On 7/17/2017 2:07 PM, Chris Adams wrote:
However, just like RAID is not a replacement for backups, DRBD is IMHO not a replacement for database replication. DRBD would just replicate database files, so if for example file corruption would be copied from host to host. When something provides a native replication system, it is probably better to use that (or at least use it at one level).
Since DRBD is RAID-1, you need double the drives either way, no advantage over two independent copies -- only the potential for replicating errors.

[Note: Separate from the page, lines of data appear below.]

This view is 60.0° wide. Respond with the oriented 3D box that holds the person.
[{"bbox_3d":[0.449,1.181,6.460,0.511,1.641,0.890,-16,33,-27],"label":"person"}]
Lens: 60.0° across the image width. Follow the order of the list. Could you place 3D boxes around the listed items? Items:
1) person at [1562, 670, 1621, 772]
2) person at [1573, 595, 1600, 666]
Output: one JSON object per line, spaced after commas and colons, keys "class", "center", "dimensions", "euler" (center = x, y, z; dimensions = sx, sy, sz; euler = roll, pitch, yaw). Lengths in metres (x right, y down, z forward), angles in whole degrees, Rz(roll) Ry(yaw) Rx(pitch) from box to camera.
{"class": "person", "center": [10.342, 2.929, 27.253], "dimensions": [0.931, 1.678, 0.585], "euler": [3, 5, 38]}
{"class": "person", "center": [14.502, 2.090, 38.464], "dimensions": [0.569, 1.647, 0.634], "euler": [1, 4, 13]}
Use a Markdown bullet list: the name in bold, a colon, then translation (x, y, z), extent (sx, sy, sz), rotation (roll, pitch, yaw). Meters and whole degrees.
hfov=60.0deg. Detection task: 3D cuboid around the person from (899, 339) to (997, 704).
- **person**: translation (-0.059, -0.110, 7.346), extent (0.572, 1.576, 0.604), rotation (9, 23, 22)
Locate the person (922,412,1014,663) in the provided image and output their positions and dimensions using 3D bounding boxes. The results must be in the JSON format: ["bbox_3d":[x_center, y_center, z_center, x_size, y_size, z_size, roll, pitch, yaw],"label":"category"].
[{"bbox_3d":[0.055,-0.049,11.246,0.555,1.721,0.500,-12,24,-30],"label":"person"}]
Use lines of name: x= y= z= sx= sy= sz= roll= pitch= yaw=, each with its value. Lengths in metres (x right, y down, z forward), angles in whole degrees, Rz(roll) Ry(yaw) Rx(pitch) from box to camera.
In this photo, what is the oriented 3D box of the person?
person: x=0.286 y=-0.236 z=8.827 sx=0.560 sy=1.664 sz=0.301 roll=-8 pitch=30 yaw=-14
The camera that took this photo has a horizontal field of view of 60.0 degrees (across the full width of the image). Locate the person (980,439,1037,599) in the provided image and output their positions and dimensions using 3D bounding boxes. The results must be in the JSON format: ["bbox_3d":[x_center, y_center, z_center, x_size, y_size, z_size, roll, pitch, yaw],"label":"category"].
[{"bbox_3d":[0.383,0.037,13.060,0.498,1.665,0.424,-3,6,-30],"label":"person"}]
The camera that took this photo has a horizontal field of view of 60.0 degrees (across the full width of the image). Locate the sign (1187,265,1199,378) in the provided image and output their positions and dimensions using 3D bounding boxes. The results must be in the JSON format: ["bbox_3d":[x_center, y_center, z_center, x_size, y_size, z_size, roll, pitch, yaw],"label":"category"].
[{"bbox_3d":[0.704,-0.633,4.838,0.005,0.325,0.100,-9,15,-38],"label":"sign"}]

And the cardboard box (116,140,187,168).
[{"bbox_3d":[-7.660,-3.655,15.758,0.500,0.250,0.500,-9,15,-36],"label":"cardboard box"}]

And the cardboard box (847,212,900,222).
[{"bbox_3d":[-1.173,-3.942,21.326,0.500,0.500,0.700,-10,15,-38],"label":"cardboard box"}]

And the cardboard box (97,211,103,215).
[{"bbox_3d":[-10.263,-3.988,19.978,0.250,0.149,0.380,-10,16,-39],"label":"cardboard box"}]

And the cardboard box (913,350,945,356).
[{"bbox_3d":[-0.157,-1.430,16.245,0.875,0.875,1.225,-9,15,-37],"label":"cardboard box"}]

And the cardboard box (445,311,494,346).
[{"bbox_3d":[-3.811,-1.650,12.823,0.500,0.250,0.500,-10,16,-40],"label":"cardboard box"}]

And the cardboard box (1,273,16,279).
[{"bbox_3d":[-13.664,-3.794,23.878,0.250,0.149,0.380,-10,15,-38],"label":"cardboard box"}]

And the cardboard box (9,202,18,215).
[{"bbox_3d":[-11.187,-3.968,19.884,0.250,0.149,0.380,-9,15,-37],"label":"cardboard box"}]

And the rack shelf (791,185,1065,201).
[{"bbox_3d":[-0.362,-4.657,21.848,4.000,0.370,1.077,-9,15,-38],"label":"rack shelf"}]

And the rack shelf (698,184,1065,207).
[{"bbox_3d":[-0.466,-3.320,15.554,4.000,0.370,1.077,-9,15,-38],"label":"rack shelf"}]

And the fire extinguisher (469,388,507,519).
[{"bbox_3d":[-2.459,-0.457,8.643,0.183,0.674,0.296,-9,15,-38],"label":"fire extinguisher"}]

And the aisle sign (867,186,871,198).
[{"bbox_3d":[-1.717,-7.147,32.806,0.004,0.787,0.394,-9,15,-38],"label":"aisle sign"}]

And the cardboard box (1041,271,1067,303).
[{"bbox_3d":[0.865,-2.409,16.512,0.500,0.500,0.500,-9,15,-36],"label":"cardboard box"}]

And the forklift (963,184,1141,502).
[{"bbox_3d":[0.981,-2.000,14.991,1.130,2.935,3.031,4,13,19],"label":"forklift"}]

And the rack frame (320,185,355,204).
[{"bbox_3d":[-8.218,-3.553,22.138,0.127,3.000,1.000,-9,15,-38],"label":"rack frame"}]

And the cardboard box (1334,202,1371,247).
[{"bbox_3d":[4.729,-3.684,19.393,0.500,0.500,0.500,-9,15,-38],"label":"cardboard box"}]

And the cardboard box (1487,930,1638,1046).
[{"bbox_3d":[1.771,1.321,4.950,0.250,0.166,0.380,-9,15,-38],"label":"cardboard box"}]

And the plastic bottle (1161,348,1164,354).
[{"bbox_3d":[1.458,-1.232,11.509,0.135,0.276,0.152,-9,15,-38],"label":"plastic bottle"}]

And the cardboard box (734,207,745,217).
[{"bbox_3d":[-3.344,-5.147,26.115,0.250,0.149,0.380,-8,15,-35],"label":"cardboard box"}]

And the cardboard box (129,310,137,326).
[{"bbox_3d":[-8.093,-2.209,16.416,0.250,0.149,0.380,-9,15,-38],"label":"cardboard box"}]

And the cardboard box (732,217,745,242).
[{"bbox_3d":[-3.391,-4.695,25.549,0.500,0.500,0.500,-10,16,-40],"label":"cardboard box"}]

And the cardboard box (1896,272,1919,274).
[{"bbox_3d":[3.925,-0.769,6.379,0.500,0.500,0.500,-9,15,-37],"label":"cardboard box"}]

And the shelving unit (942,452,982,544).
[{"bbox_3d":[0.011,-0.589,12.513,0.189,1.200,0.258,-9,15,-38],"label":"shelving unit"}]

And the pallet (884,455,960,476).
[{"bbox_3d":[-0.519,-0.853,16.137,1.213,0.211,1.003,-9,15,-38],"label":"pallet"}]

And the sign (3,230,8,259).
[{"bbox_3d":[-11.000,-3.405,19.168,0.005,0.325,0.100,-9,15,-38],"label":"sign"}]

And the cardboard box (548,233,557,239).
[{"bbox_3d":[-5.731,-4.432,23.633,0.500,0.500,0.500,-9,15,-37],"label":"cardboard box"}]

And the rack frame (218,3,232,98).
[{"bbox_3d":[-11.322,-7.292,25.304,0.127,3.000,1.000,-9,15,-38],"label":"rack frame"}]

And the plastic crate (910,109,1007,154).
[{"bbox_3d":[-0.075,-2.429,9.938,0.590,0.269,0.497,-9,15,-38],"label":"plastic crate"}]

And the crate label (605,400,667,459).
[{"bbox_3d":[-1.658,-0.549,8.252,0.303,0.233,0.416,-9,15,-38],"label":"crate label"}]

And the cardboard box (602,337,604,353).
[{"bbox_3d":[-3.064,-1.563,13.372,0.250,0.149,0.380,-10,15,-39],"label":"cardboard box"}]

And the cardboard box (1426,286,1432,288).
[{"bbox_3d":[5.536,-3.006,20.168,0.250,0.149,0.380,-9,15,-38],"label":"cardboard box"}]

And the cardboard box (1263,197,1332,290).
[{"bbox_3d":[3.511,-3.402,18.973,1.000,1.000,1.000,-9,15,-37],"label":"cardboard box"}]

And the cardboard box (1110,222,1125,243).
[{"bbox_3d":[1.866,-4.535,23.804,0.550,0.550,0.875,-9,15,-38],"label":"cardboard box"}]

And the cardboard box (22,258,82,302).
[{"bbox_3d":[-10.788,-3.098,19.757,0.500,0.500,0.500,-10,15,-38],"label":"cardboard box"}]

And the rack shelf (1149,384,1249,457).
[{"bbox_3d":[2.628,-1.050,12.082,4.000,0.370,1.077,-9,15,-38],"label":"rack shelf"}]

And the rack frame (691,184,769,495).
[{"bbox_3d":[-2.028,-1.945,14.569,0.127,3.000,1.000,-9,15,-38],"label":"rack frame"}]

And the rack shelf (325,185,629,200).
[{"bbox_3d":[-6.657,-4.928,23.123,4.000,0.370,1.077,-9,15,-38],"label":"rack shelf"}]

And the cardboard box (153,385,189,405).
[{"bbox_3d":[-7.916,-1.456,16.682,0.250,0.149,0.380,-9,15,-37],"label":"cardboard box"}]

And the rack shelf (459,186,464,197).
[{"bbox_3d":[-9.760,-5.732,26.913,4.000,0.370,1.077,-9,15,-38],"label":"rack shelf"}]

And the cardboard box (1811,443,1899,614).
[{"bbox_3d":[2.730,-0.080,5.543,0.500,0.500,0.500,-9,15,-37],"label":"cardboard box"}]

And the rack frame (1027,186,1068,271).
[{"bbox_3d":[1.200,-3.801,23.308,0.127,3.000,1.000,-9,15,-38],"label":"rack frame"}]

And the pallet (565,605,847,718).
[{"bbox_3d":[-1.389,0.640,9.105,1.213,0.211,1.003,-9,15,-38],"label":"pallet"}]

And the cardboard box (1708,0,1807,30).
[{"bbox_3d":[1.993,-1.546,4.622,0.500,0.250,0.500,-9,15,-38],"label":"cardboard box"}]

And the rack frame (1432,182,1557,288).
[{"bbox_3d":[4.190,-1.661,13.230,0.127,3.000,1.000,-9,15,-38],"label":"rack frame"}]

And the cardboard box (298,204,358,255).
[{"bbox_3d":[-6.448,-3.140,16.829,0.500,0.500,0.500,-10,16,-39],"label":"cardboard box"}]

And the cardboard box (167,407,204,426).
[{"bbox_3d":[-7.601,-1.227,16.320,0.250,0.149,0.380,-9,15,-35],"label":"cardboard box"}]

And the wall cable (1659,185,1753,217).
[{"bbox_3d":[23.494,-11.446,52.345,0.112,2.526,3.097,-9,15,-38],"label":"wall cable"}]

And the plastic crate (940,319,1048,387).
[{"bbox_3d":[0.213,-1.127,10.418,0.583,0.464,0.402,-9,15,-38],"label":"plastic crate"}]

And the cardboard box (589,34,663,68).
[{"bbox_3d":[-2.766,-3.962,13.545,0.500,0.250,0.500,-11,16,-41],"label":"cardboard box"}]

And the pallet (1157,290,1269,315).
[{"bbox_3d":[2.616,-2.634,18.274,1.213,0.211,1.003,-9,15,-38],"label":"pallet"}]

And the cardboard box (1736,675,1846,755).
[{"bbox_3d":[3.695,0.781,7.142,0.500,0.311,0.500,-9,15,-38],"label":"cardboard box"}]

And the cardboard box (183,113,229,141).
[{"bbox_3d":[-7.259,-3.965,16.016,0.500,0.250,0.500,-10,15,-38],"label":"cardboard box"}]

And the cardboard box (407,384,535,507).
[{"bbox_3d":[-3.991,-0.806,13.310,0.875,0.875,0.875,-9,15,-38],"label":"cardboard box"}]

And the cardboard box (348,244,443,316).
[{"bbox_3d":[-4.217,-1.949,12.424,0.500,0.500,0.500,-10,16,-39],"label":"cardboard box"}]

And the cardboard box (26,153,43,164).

You probably need a 10G pipe, with associated costs, for "no performance penalty" DRBD while native replication tends to work OK over slower links.
At this point a 2U SuperMicro chassis gives you 2 SSD slots for system and ZiL/L2ARC plus 12 spinning rust slots for a pretty large database...
That won't work for VM images, for that you'll need NAS or DRBD but IMO NAS wins. Realistically, a hard drive failure is the most likely kind of failure you're looking at, and initiating a full storage cluster failover for that is probably not a good idea. So you might want a drive-level redundancy on at least the primary node, at which point dual-ported SAS drives in external shelves become economical, even with a couple of dual-ported SAS SSDs for caches. So ZFS setup I linked to above actually comes with fewer moving parts and all the handy features absent from previous-gen filesystems.